# Week-end ****



## smokinj (Jan 16, 2008)

*Today I recieved my end of a trade with a BOTL.
I am very pleased:biggrin:*


----------



## Matt257 (Jan 3, 2008)

David you are killing me!! That is awesome, what a trade!! Look at those OpusX :dribble :dribble: :dribble:


----------



## karmaz00 (Dec 5, 2007)

wow. awsome


----------



## sofaman (Jun 20, 2007)

You are Killing me Bro!!!


----------



## Paint (Mar 1, 2008)

David i think you made out damn nice brother,nice trade:biggrin:


----------



## Toasted Coastie (Feb 16, 2008)

pure insanity....


----------



## Deuce Da Masta (Dec 4, 2006)

My god! What an awesome trade. I cant believe the smokes in there! What did you trade for it, your first born?


----------



## smokinj (Jan 16, 2008)

deuce said:


> My god! What an awesome trade. I cant believe the smokes in there! What did you trade for it, your first born?

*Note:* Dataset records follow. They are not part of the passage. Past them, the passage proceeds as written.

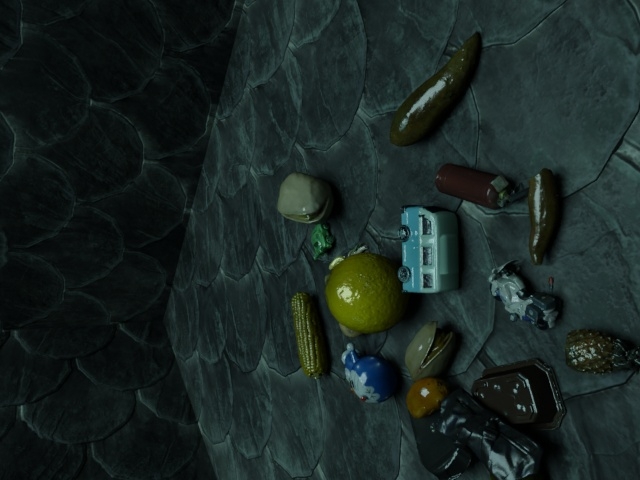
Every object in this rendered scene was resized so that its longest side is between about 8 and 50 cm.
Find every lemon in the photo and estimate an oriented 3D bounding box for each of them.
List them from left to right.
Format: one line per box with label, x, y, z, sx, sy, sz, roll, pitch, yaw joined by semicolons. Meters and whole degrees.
lemon;0.157;0.174;1.788;0.293;0.293;0.293;-2;87;57

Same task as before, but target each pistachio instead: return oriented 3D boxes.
pistachio;-0.060;-0.162;2.184;0.332;0.226;0.207;45;163;56
pistachio;0.331;0.342;1.649;0.130;0.131;0.206;26;119;9

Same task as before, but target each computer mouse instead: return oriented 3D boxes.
computer mouse;0.366;0.573;1.628;0.168;0.087;0.295;-52;31;27

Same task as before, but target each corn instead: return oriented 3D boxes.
corn;-0.046;0.389;2.238;0.120;0.120;0.363;-35;62;52

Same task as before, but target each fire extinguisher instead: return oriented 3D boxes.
fire extinguisher;0.449;-0.151;1.516;0.269;0.105;0.104;29;113;54

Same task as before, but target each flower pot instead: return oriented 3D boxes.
flower pot;0.498;0.416;1.428;0.251;0.084;0.178;-35;60;52

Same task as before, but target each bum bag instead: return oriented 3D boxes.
bum bag;0.419;0.500;1.386;0.137;0.074;0.310;-54;36;-5

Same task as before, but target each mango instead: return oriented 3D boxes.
mango;0.310;0.469;1.610;0.105;0.084;0.159;37;113;1

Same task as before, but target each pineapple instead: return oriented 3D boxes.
pineapple;0.648;0.249;1.202;0.198;0.108;0.108;-5;85;45

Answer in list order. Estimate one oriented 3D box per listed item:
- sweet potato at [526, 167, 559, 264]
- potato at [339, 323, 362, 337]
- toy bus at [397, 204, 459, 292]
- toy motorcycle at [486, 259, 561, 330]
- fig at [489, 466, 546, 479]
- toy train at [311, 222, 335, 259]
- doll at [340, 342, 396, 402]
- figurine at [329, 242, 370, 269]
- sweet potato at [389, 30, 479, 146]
sweet potato;0.559;-0.060;1.364;0.077;0.077;0.243;10;106;57
potato;0.123;0.292;1.993;0.112;0.112;0.147;44;118;49
toy bus;0.336;0.024;1.648;0.165;0.133;0.271;0;91;52
toy motorcycle;0.517;0.134;1.403;0.221;0.102;0.150;41;144;53
fig;0.511;0.608;1.369;0.133;0.127;0.185;-57;38;19
toy train;0.000;0.000;2.211;0.099;0.081;0.149;-51;49;45
doll;0.152;0.467;1.896;0.215;0.161;0.257;65;161;-10
figurine;0.110;0.071;2.054;0.187;0.083;0.083;-33;62;41
sweet potato;0.347;-0.439;1.660;0.422;0.131;0.130;-51;48;34
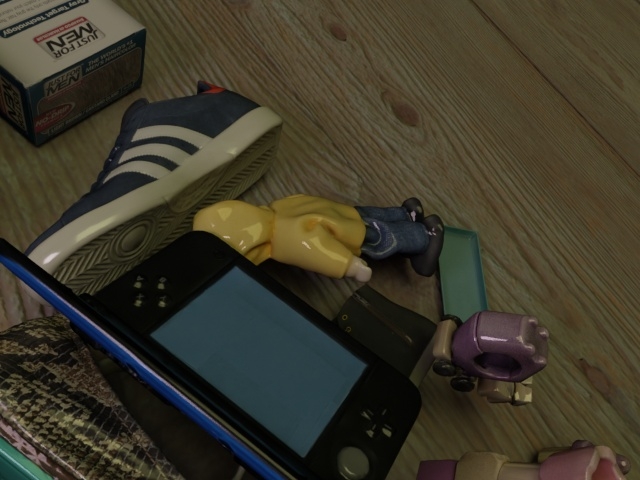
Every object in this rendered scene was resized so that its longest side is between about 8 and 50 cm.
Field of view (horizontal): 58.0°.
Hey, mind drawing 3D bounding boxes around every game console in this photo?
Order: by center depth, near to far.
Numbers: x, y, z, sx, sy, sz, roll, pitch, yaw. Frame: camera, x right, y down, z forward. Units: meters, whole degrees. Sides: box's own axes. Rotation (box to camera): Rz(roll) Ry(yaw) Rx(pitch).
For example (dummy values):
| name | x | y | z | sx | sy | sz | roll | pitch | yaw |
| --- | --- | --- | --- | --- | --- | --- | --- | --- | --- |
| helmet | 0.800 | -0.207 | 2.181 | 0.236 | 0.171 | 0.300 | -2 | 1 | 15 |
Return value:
| name | x | y | z | sx | sy | sz | roll | pitch | yaw |
| --- | --- | --- | --- | --- | --- | --- | --- | --- | --- |
| game console | -0.048 | 0.078 | 0.448 | 0.293 | 0.173 | 0.250 | 36 | 40 | 9 |

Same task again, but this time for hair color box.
| name | x | y | z | sx | sy | sz | roll | pitch | yaw |
| --- | --- | --- | --- | --- | --- | --- | --- | --- | --- |
| hair color box | -0.400 | -0.289 | 0.698 | 0.347 | 0.105 | 0.174 | 39 | 55 | 6 |

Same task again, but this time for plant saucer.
| name | x | y | z | sx | sy | sz | roll | pitch | yaw |
| --- | --- | --- | --- | --- | --- | --- | --- | --- | --- |
| plant saucer | 0.184 | 0.066 | 0.752 | 0.067 | 0.018 | 0.192 | 10 | 56 | -14 |

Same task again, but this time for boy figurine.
| name | x | y | z | sx | sy | sz | roll | pitch | yaw |
| --- | --- | --- | --- | --- | --- | --- | --- | --- | --- |
| boy figurine | 0.000 | 0.000 | 0.665 | 0.285 | 0.092 | 0.177 | -4 | 27 | -21 |

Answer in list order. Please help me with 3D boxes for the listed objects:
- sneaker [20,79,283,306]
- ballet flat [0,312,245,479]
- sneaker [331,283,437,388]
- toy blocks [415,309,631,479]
| name | x | y | z | sx | sy | sz | roll | pitch | yaw |
| --- | --- | --- | --- | --- | --- | --- | --- | --- | --- |
| sneaker | -0.198 | -0.070 | 0.637 | 0.148 | 0.131 | 0.350 | 36 | 48 | 12 |
| ballet flat | -0.100 | 0.232 | 0.466 | 0.483 | 0.164 | 0.182 | 43 | 45 | 12 |
| sneaker | 0.037 | 0.150 | 0.617 | 0.118 | 0.083 | 0.222 | 32 | 50 | 13 |
| toy blocks | 0.254 | 0.232 | 0.473 | 0.288 | 0.260 | 0.309 | 41 | 48 | -26 |

:lol:No, it was a Dunhill pipe


----------



## SmokinHokie (May 29, 2008)

Amazing selection there man!


----------



## jitzy (Jan 7, 2007)

holy crap David those Uppmans look amazing


----------



## Wingfan13-cl (Apr 30, 2007)

Jesus .....

How are those Forbidden X ? I almost bought one when I was in Vegas but I didnt win enough money.


----------



## BeerAdvocate-cl (Sep 6, 2007)

My god, did you have to give up your 1st born for those awsome smokes. Those are amazing!


----------



## big04deuce (May 16, 2008)

Yeah..that would please me too!!! Nice!!!


----------



## LkyLindy (Feb 1, 2008)

David--I knew it was you as soon as I saw those smokes

You're killing me man


----------



## Ceedee (Jun 2, 2006)

Damn, that's plain NUTS!l :dribble:

CD


----------



## amateurke (Mar 28, 2008)

Ok David, keep the ISOM's! Send me the X's!! :lol:


----------



## howland1998 (Dec 17, 2007)

HOLY CRAP!!!!


----------



## Itsme-Speedy-G (Aug 20, 2007)

it wasn't his born he traded, it was his soul...
J/K


----------



## tobacmon (May 17, 2007)

_*CRAP*_----------THOSE ALL LOOK FANTASTIC--GOTTA TRY THE uP #2, bolivar, Trinidad Lonsdale and the Por larraga. Just added to my wish list...:baffled:​


----------



## El Lechero (Apr 13, 2008)

howland1998 said:


> HOLY CRAP!!!!


Yeah! What he said!


----------



## smokem-cl (Aug 16, 2007)

Damn bro, WHat did you trade 'em, yer car?!?!

Very nice indeed!


----------



## Mtmouse (Jun 11, 2007)

Oh, so that's what 'real' Upmann #2's look like.Very nice haul there.


----------



## svb (Jan 12, 2008)

I like the Cohiba Maduro5 layin off to the side that no one has mentioned... Those are goooooda!


----------



## jam (Dec 29, 2007)

holy crap but dam great smokes


----------



## noobsmoker (Jun 2, 2008)

Insanely nice ****.


----------



## DOZER (Sep 30, 2007)

El Lechero said:


> Yeah! What he said!


I'll second that!


----------



## dj5213 (Apr 7, 2008)

man that is one nice BOTL!!


----------



## htown (Jan 31, 2008)

Those Por Laranaga look very tasty, especially the Asia Pacific ones!!!!


----------



## happy1 (Jun 29, 2007)

That's some serious smokes!! gotta wipe off the screen:dribble:


----------



## Matt257 (Jan 3, 2008)

amateurke said:


> Ok David, keep the ISOM's! Send me the X's!! :lol:


:roflmao:


----------



## chinomalo (Feb 25, 2008)

THAT MUST HAVE BEEN A HELLUVA PIPE!!

Man, I would love to see your humidors.. It must look like high end city..


----------